What is the best form to invest in gold? ›

For the average gold investor, mutual funds and ETFs are generally the easiest and safest way to invest in gold.

How do beginners buy gold? ›

The most common way to invest in physical gold is to purchase gold bullion. Gold bullion refers to investment-grade gold, commonly in the form of bars, ingots, or coins. Investment-grade gold is always at least 99.5 per cent pure: Gold bars will have the manufacturer's name, weight, and purity stamped on it.

How much is an ounce of gold? ›

Live Gold Spot Prices
Gold Spot PricesTodayChange
Gold Prices Per Ounce$2,416.00+36.00
Gold Prices Per Gram$77.68+1.16
Gold Prices Per Kilo$77,674.40+1157.40

Should I buy gold coins or bars? ›

Ideal for Long-Term Investment

If you consider to hold physical gold for a long period of time without any intention to sell part of your investment overtime, gold bars will be the best option for you. They will cost you less per gram compared to gold coins. This is because of their lower premium, as explained below.

How much should a person invest in gold? ›

Most experts recommend limiting your gold investment to 10% or less of your overall portfolio. The range between 1% and 10%, however, will often vary based on your age and overall investor profile.

What will 1 oz of gold be worth in 10 years? ›

Vijay Marolia, money manager and managing partner at Regal Point Capital, expects the price of gold to be "at least" $3,000 an ounce in 10 years (the price of gold today is around $2,000 an ounce).

How many ounces of gold can you legally own? ›

Today, there are no specific limits on how much gold a person can own in the U.S. Whether it's bullion, coins, or jewelry, you can buy, own, and possess as much gold as you like. The only restrictions may come from reporting requirements if you simultaneously buy or sell large amounts of gold.
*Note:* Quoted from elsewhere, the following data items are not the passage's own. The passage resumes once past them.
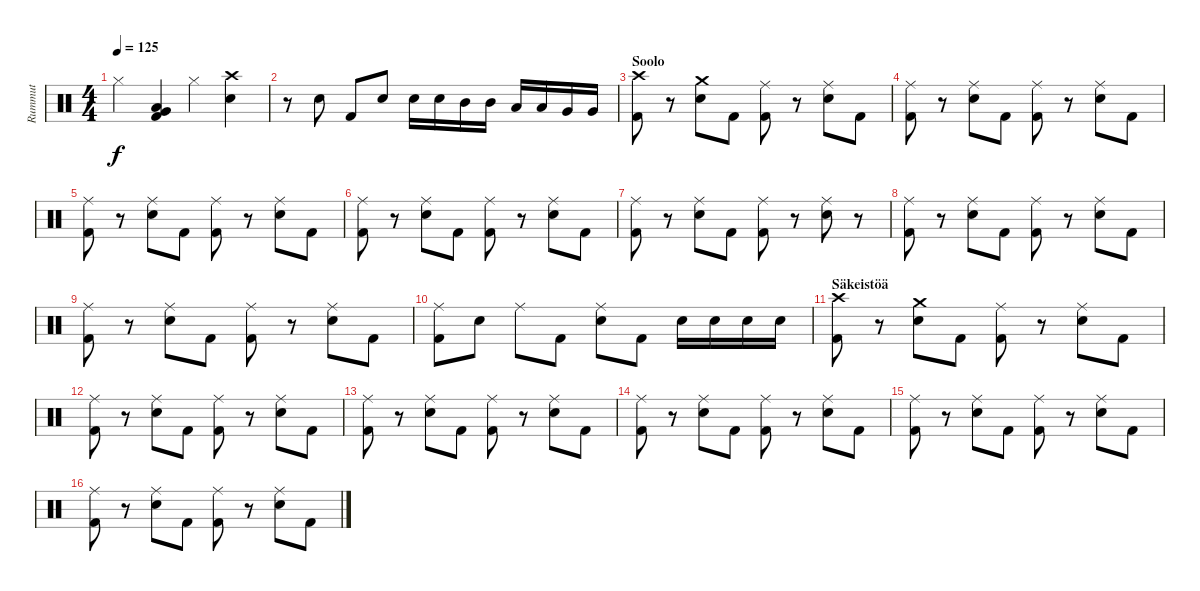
\track ("Rummut" "Rummut") {instrument percussion}
\staff {score}
\articulation defaults
\ts (4 4)
\tempo 125
\clef neutral
\ks c "Hi-Hat (closed)".4{dy f}
("Very Low Tom (hit)" "Low Tom (hit)" "Kick (hit) 2").4 "Hi-Hat (closed)".4 ("Crash high (hit)" "Snare (hit) 2").4 |
r.8 "Snare (hit) 2".8 "Kick (hit) 2".8 "Snare (hit) 2".8 "Snare (hit) 2".16 "Snare (hit) 2".16 "Mid Tom (hit)".16 "Mid Tom (hit)".16 "Low Tom (hit)".16 "Low Tom (hit)".16 "Very Low Tom (hit)".16 "Very Low Tom (hit)".16 |
\section ("" "Soolo")
("Crash high (hit)" "Kick (hit) 2").8 r.8 ("Crash medium (hit)" "Snare (hit) 2").8 "Kick (hit) 2".8 ("Ride (middle)" "Kick (hit) 2").8 r.8 ("Ride (middle)" "Snare (hit) 2").8 "Kick (hit) 2".8 |
("Ride (middle)" "Kick (hit) 2").8 r.8 ("Ride (middle)" "Snare (hit) 2").8 "Kick (hit) 2".8 ("Ride (middle)" "Kick (hit) 2").8 r.8 ("Ride (middle)" "Snare (hit) 2").8 "Kick (hit) 2".8 |
("Ride (middle)" "Kick (hit) 2").8 r.8 ("Ride (middle)" "Snare (hit) 2").8 "Kick (hit) 2".8 ("Ride (middle)" "Kick (hit) 2").8 r.8 ("Ride (middle)" "Snare (hit) 2").8 "Kick (hit) 2".8 |
("Ride (middle)" "Kick (hit) 2").8 r.8 ("Ride (middle)" "Snare (hit) 2").8 "Kick (hit) 2".8 ("Ride (middle)" "Kick (hit) 2").8 r.8 ("Ride (middle)" "Snare (hit) 2").8 "Kick (hit) 2".8 |
("Ride (middle)" "Kick (hit) 2").8 r.8 ("Ride (middle)" "Snare (hit) 2").8 "Kick (hit) 2".8 ("Ride (middle)" "Kick (hit) 2").8 r.8 ("Ride (middle)" "Snare (hit) 2").8 r.8 |
("Ride (middle)" "Kick (hit) 2").8 r.8 ("Ride (middle)" "Snare (hit) 2").8 "Kick (hit) 2".8 ("Ride (middle)" "Kick (hit) 2").8 r.8 ("Ride (middle)" "Snare (hit) 2").8 "Kick (hit) 2".8 |
("Ride (middle)" "Kick (hit) 2").8 r.8 ("Ride (middle)" "Snare (hit) 2").8 "Kick (hit) 2".8 ("Ride (middle)" "Kick (hit) 2").8 r.8 ("Ride (middle)" "Snare (hit) 2").8 "Kick (hit) 2".8 |
("Ride (middle)" "Kick (hit) 2").8 "Snare (hit) 2".8 "Ride (middle)".8 "Kick (hit) 2".8 ("Ride (middle)" "Snare (hit) 2").8 "Kick (hit) 2".8 "Snare (hit) 2".16 "Snare (hit) 2".16 "Snare (hit) 2".16 "Snare (hit) 2".16 |
\section ("" "Säkeistöä")
("Crash high (hit)" "Kick (hit) 2").8 r.8 ("Crash medium (hit)" "Snare (hit) 2").8 "Kick (hit) 2".8 ("Ride (middle)" "Kick (hit) 2").8 r.8 ("Ride (middle)" "Snare (hit) 2").8 "Kick (hit) 2".8 |
("Ride (middle)" "Kick (hit) 2").8 r.8 ("Ride (middle)" "Snare (hit) 2").8 "Kick (hit) 2".8 ("Ride (middle)" "Kick (hit) 2").8 r.8 ("Ride (middle)" "Snare (hit) 2").8 "Kick (hit) 2".8 |
("Ride (middle)" "Kick (hit) 2").8 r.8 ("Ride (middle)" "Snare (hit) 2").8 "Kick (hit) 2".8 ("Ride (middle)" "Kick (hit) 2").8 r.8 ("Ride (middle)" "Snare (hit) 2").8 "Kick (hit) 2".8 |
("Ride (middle)" "Kick (hit) 2").8 r.8 ("Ride (middle)" "Snare (hit) 2").8 "Kick (hit) 2".8 ("Ride (middle)" "Kick (hit) 2").8 r.8 ("Ride (middle)" "Snare (hit) 2").8 "Kick (hit) 2".8 |
("Ride (middle)" "Kick (hit) 2").8 r.8 ("Ride (middle)" "Snare (hit) 2").8 "Kick (hit) 2".8 ("Ride (middle)" "Kick (hit) 2").8 r.8 ("Ride (middle)" "Snare (hit) 2").8 "Kick (hit) 2".8 |
("Ride (middle)" "Kick (hit) 2").8 r.8 ("Ride (middle)" "Snare (hit) 2").8 "Kick (hit) 2".8 ("Ride (middle)" "Kick (hit) 2").8 r.8 ("Ride (middle)" "Snare (hit) 2").8 "Kick (hit) 2".8

How much gold will $10 000 buy? ›

Gold Coins: Assuming an average premium of 5% to 10% over the spot price, you can purchase around 4.5 to 4.7 troy ounces of gold coins with your $10,000. Gold Bars: With lower premiums, possibly around 2% to 5%, your $10,000 could buy you closer to 4.8 to 4.9 troy ounces of gold in bar form.
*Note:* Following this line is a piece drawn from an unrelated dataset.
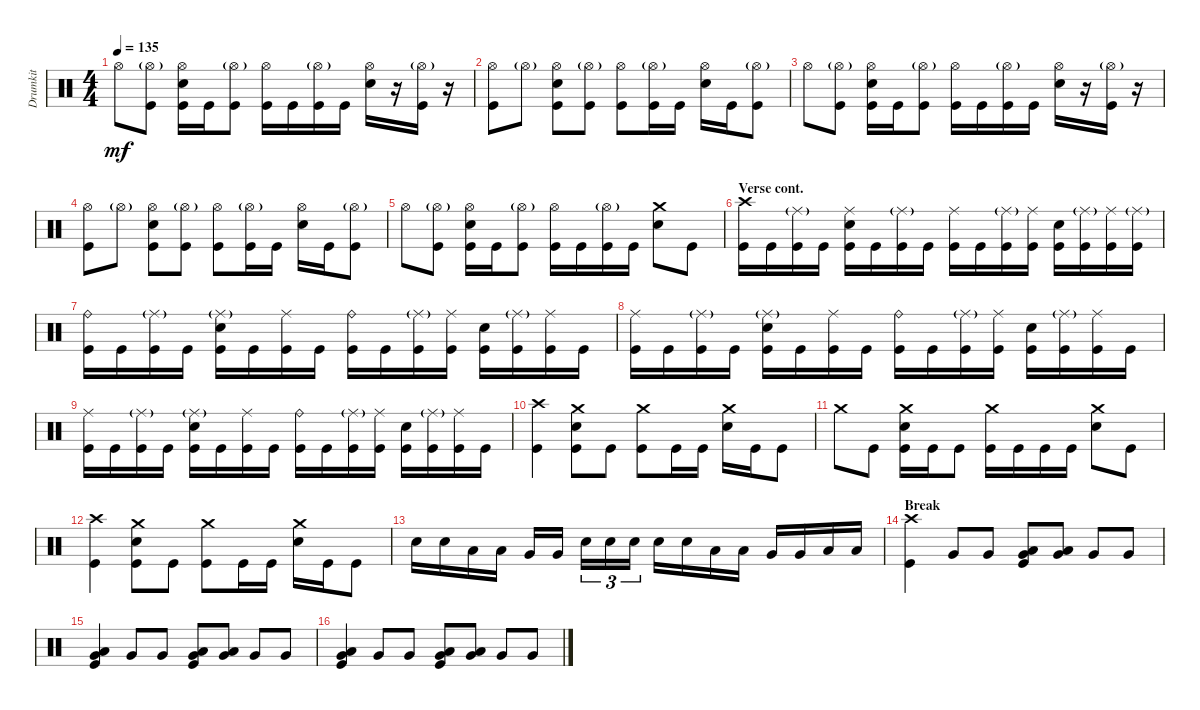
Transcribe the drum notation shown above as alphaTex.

Which type of gold is best for investment? ›

Sovereign Gold Bonds are the safest way to buy digital Gold as they are issued by the Reserve Bank of India on behalf of the Government of India with an assured interest of 2.50% per annum. The bonds are denominated in units of grams of gold with a basic unit of 1 gram. The maximum investment one can make is of 4 kg.
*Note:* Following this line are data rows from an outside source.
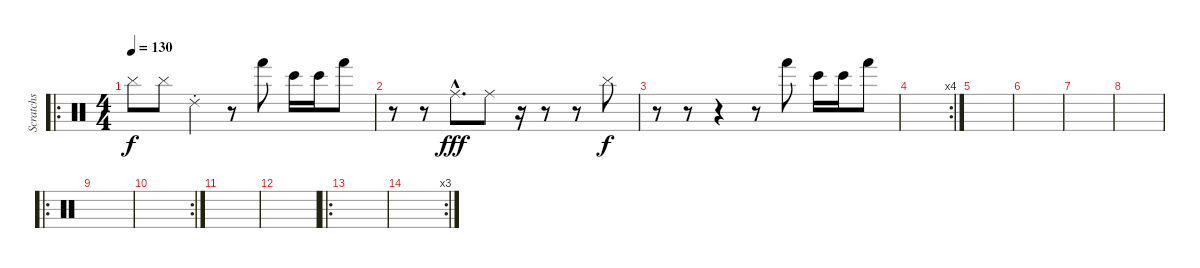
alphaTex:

\track ("Scratchs" "Scratchs") {instrument percussion}
\staff {score}
\articulation defaults
\ro
\ts (4 4)
\tempo 130
\clef neutral
\ks c "Cymbal (hit)".8{dy f} "Cymbal (hit)".8 "Ride (choke) 2".4
r.8 "Hand (hit)".8 "Bongo High (hit)".16 "Bongo High (hit)".16 "Hand (hit)".8 |
r.8 r.8 "Ride (middle)"{hac}.8{d dy fff} "Ride (middle)".8 r.16 r.8 r.8 "Cymbal (hit)".8{dy f} |
r.8 r.8 r.4 r.8 "Hand (hit)".8 "Bongo High (hit)".16 "Bongo High (hit)".16 "Hand (hit)".8 |
\rc 4
|
|
|
|
|
\ro
|
\rc 2
|
|
|
\ro
|
\rc 3
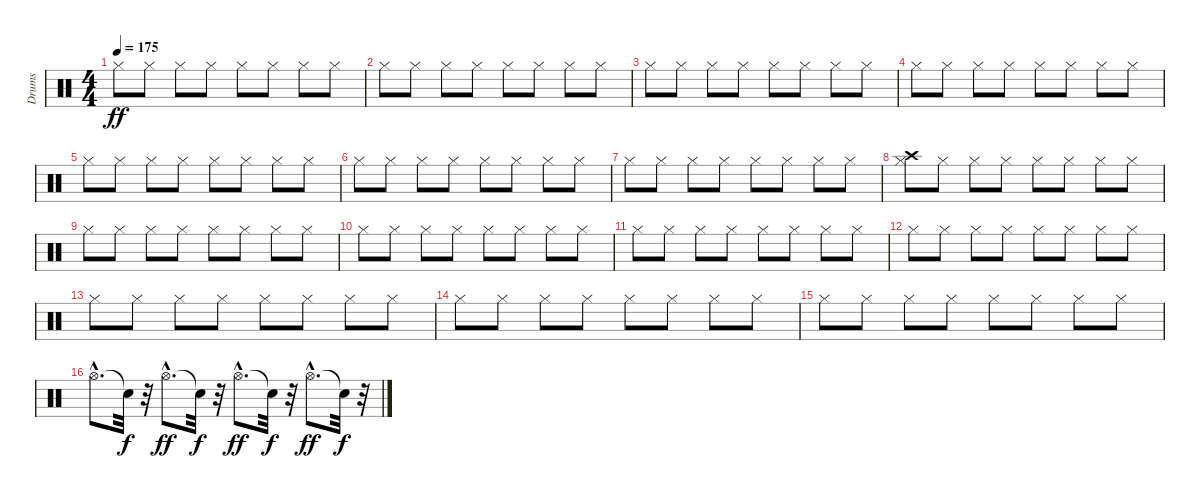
\track ("Drums" "Drums") {instrument percussion}
\staff {score}
\articulation defaults
\ts (4 4)
\tempo 175
\clef neutral
\ks c "Hi-Hat (closed)".8{dy ff} "Hi-Hat (closed)".8 "Hi-Hat (closed)".8 "Hi-Hat (closed)".8 "Hi-Hat (closed)".8 "Hi-Hat (closed)".8 "Hi-Hat (closed)".8 "Hi-Hat (closed)".8
|
"Hi-Hat (closed)".8 "Hi-Hat (closed)".8 "Hi-Hat (closed)".8 "Hi-Hat (closed)".8 "Hi-Hat (closed)".8 "Hi-Hat (closed)".8 "Hi-Hat (closed)".8 "Hi-Hat (closed)".8 |
"Hi-Hat (closed)".8 "Hi-Hat (closed)".8 "Hi-Hat (closed)".8 "Hi-Hat (closed)".8 "Hi-Hat (closed)".8 "Hi-Hat (closed)".8 "Hi-Hat (closed)".8 "Hi-Hat (closed)".8 |
"Hi-Hat (closed)".8 "Hi-Hat (closed)".8 "Hi-Hat (closed)".8 "Hi-Hat (closed)".8 "Hi-Hat (closed)".8 "Hi-Hat (closed)".8 "Hi-Hat (closed)".8 "Hi-Hat (closed)".8 |
"Hi-Hat (closed)".8 "Hi-Hat (closed)".8 "Hi-Hat (closed)".8 "Hi-Hat (closed)".8 "Hi-Hat (closed)".8 "Hi-Hat (closed)".8 "Hi-Hat (closed)".8 "Hi-Hat (closed)".8 |
"Hi-Hat (closed)".8 "Hi-Hat (closed)".8 "Hi-Hat (closed)".8 "Hi-Hat (closed)".8 "Hi-Hat (closed)".8 "Hi-Hat (closed)".8 "Hi-Hat (closed)".8 "Hi-Hat (closed)".8 |
"Hi-Hat (closed)".8 "Hi-Hat (closed)".8 "Hi-Hat (closed)".8 "Hi-Hat (closed)".8 "Hi-Hat (closed)".8 "Hi-Hat (closed)".8 "Hi-Hat (closed)".8 "Hi-Hat (closed)".8 |
("Hi-Hat (closed)" "Crash high (hit)").8 "Hi-Hat (closed)".8 "Hi-Hat (closed)".8 "Hi-Hat (closed)".8 "Hi-Hat (closed)".8 "Hi-Hat (closed)".8 "Hi-Hat (closed)".8 "Hi-Hat (closed)".8 |
"Hi-Hat (closed)".8 "Hi-Hat (closed)".8 "Hi-Hat (closed)".8 "Hi-Hat (closed)".8 "Hi-Hat (closed)".8 "Hi-Hat (closed)".8 "Hi-Hat (closed)".8 "Hi-Hat (closed)".8 |
"Hi-Hat (closed)".8 "Hi-Hat (closed)".8 "Hi-Hat (closed)".8 "Hi-Hat (closed)".8 "Hi-Hat (closed)".8 "Hi-Hat (closed)".8 "Hi-Hat (closed)".8 "Hi-Hat (closed)".8 |
"Hi-Hat (closed)".8 "Hi-Hat (closed)".8 "Hi-Hat (closed)".8 "Hi-Hat (closed)".8 "Hi-Hat (closed)".8 "Hi-Hat (closed)".8 "Hi-Hat (closed)".8 "Hi-Hat (closed)".8 |
"Hi-Hat (closed)".8 "Hi-Hat (closed)".8 "Hi-Hat (closed)".8 "Hi-Hat (closed)".8 "Hi-Hat (closed)".8 "Hi-Hat (closed)".8 "Hi-Hat (closed)".8 "Hi-Hat (closed)".8 |
"Hi-Hat (closed)".8 "Hi-Hat (closed)".8 "Hi-Hat (closed)".8 "Hi-Hat (closed)".8 "Hi-Hat (closed)".8 "Hi-Hat (closed)".8 "Hi-Hat (closed)".8 "Hi-Hat (closed)".8 |
"Hi-Hat (closed)".8 "Hi-Hat (closed)".8 "Hi-Hat (closed)".8 "Hi-Hat (closed)".8 "Hi-Hat (closed)".8 "Hi-Hat (closed)".8 "Hi-Hat (closed)".8 "Hi-Hat (closed)".8 |
"Hi-Hat (closed)".8 "Hi-Hat (closed)".8 "Hi-Hat (closed)".8 "Hi-Hat (closed)".8 "Hi-Hat (closed)".8 "Hi-Hat (closed)".8 "Hi-Hat (closed)".8 "Hi-Hat (closed)".8 |
"Hi-Hat (open)"{hac}.8{d} "Snare (hit)"{t}.32{dy f} r.32 "Hi-Hat (open)"{hac}.8{d dy ff} "Snare (hit)"{t}.32{dy f} r.32 "Hi-Hat (open)"{hac}.8{d dy ff} "Snare (hit)"{t}.32{dy f} r.32 "Hi-Hat (open)"{hac}.8{d dy ff} "Snare (hit)"{t}.32{dy f} r.32

What is the smartest way to buy gold? ›

The best place to buy physical gold depends on whether you want to buy bars, coins or jewelry. While you can buy gold bars from certain banks, it's much more common to use online dealers. You may also be able to buy gold bars from a pawn shop or individuals, and these sources may also offer gold coins.

What is the cheapest way to buy gold? ›

Here are some of the ways you can buy gold cheaply:
  • Buy in Bulk. ...
  • Consider Investing in Other Forms of Gold. ...
  • Look for the Best Deals. ...
  • Use a Gold IRA. ...
  • Physical Gold. ...
  • ETFs. ...
  • Mining Stocks. ...
  • Gold Futures.

What is the most efficient way to buy gold? ›

Investing in a gold stock, ETF or mutual fund is often the best way to get exposure to gold in your portfolio. In order to buy a gold stock or fund, you'll need a brokerage account, which you can open with an online broker (here's a step-by-step guide to opening a brokerage account).

What is the optimal allocation to gold? ›

Our bootstrapping method for illustrating optimal gold allocations indicates relatively large optimal gold holdings. For example, for investment periods of 10 years, the optimal weight to allocate to gold to maximise the risk-adjusted return would have been 16% - 19%.

What is the most tax efficient way to invest in gold? ›

Avoid making investments in the physical metal and you can minimize your capital gains taxes to the ordinary long-term capital gains rate. And when possible, hold on to your gold investments for at least one year before selling to avoid higher income tax rates.

Which is better, physical gold or digital gold? ›

One of the main advantages of physical gold is its tangibility. Unlike digital gold, which exists only in electronic form, physical gold is a tangible asset and hence, it provides you with a sense of security and peace of mind.